Risadagem geral. Até o pássaro riu.

“Me chamo Glaube”, disse o velho. “Moro aqui desde que nasci”.

O senhor deve ter muitas lembranças desse local, da sua infância.

- “Sim, mas nem sempre isso é bom. Nem sempre é bom ter lembranças.”

Por quê?

- “Porque a memória é o espaço em que uma coisa acontece pela segunda vez. Você deve entender isso, você tem boa memória. Além disso, você dá um valor exagerado para ela. Você a deixa viver. Já eu”, continuou Glaube “, percebi que a força da memória é avassaladora, mas fiz tal descoberta tarde demais.”

Que foto linda. Quem são aqueles?

- “O do meio sou eu. Os outros quatro foram amigos importantes em minha vida. Foi a única foto nossa que sobrou. O resto eu simplesmente perdi.”
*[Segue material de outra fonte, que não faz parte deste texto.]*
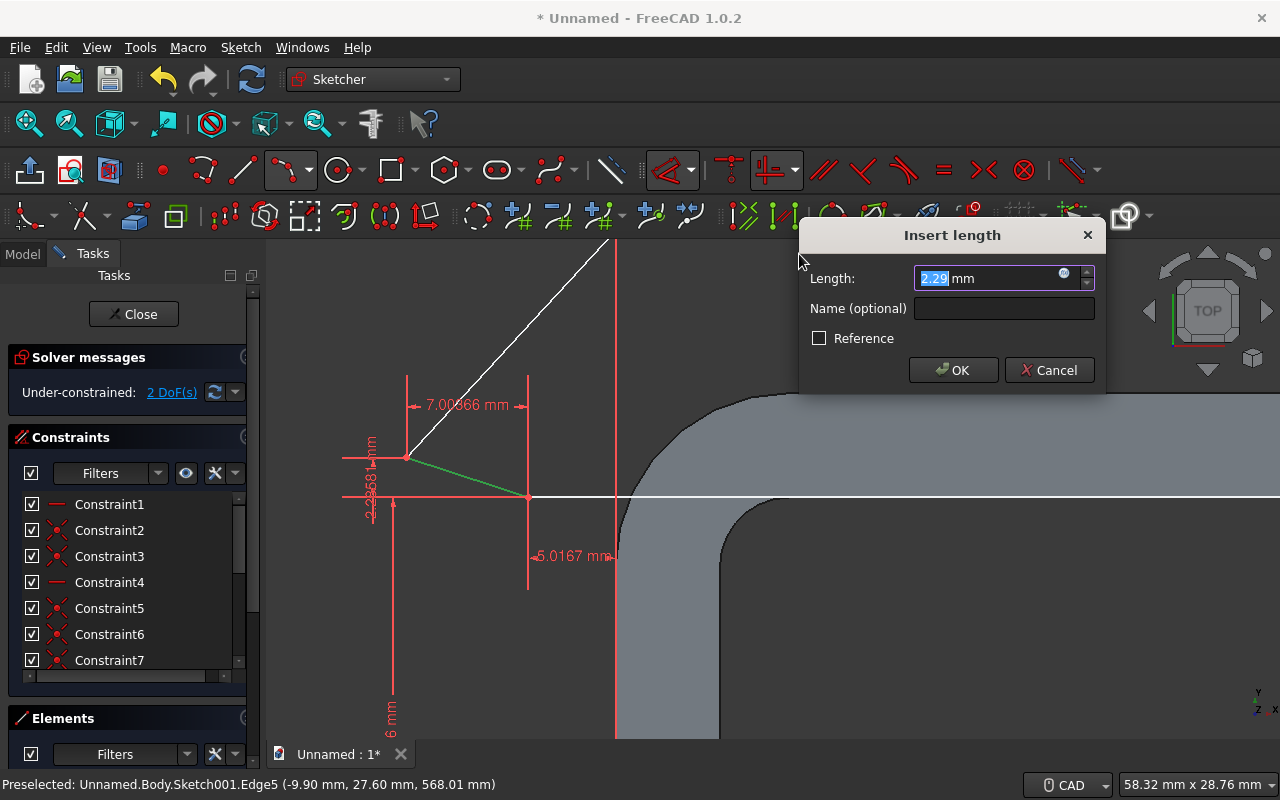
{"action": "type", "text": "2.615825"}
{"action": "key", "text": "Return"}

Colocando a mão no peito, Glaube enrijece o rosto. “Essa cicatriz é de quem errou muito e foi castigado. É de quem achou que entendia muito de tudo. De alguém que recebe uma penitência desde então. É de alguém que nunca entendeu realmente de que são feitos os sentimentos.”

“X” pára; pensa e diz: “Para ser ouvido em silêncio, para ser abraçado nas noites... O senhor não precisa se martirizar por erros do passado. Ou fatos que o senhor julga errados. O aprendizado pode não ter sido muito fácil. De fato ele nunca o é. Alguém com o seu dom, de despertar as pessoas, de fazê-las sorrir, é alguém muito importante para não ser ouvido. Ou é muito burro, ou é um covarde.”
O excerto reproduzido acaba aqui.